Scan the listing below for the string "degrees" and copy each line where it turns up.

- - - - -

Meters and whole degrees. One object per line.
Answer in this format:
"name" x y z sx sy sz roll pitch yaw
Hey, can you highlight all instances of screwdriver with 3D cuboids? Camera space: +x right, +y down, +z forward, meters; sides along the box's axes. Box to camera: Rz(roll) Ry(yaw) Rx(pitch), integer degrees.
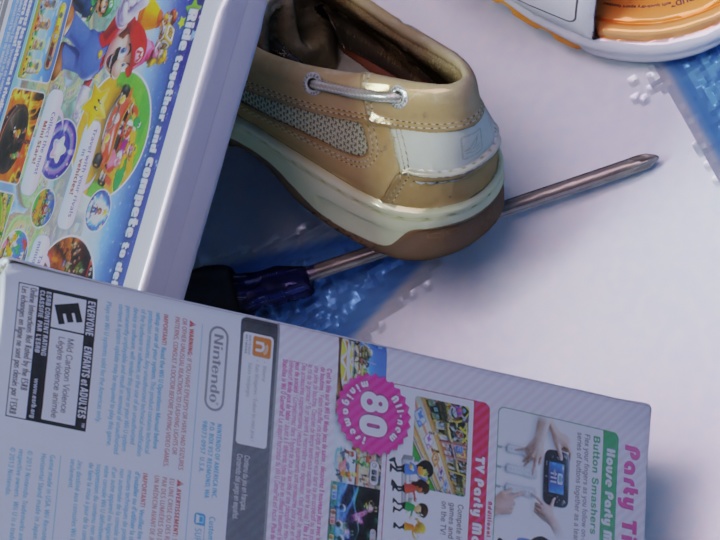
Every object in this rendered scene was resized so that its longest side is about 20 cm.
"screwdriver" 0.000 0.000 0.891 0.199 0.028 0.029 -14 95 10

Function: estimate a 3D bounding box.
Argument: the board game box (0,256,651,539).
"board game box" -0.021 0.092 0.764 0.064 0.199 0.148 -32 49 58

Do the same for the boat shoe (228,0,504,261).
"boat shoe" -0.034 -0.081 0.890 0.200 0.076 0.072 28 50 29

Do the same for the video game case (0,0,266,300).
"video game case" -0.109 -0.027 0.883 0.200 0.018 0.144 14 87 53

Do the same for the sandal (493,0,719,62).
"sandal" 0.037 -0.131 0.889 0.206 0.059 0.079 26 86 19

- - - - -

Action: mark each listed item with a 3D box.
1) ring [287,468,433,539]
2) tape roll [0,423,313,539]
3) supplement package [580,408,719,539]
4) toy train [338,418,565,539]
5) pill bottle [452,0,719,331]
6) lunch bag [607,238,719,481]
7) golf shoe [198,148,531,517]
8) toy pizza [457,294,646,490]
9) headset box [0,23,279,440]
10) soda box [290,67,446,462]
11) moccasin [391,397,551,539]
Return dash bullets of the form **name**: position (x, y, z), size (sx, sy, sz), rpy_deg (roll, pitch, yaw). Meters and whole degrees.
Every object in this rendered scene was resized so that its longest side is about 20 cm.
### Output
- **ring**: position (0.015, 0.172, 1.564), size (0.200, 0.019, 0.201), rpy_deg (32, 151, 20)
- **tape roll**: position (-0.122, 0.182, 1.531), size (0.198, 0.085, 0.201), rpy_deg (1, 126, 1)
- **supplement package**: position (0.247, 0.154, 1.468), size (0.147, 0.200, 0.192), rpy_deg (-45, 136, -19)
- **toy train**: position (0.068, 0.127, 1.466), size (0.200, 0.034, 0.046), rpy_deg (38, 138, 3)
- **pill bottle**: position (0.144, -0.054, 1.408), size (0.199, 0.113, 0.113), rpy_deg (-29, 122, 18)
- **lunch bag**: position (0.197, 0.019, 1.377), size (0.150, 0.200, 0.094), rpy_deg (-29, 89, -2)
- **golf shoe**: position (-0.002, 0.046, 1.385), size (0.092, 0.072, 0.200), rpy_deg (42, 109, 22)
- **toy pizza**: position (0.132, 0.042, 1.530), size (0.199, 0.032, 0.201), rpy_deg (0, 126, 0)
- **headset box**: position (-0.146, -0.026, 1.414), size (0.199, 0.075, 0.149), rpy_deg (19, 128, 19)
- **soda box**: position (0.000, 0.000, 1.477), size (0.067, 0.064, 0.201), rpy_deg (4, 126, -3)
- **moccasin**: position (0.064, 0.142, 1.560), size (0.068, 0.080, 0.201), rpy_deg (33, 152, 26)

- - - - -

*Result below:*
Meters and whole degrees. One object per line.
Hey, can you highlight all instances of screwdriver with 3D cuboids? Camera space: +x right, +y down, +z forward, meters; sides along the box's axes. Box to camera: Rz(roll) Ry(yaw) Rx(pitch), integer degrees.
Return dash bullets of the form **name**: position (x, y, z), size (sx, sy, sz), rpy_deg (roll, pitch, yaw). Meters and whole degrees.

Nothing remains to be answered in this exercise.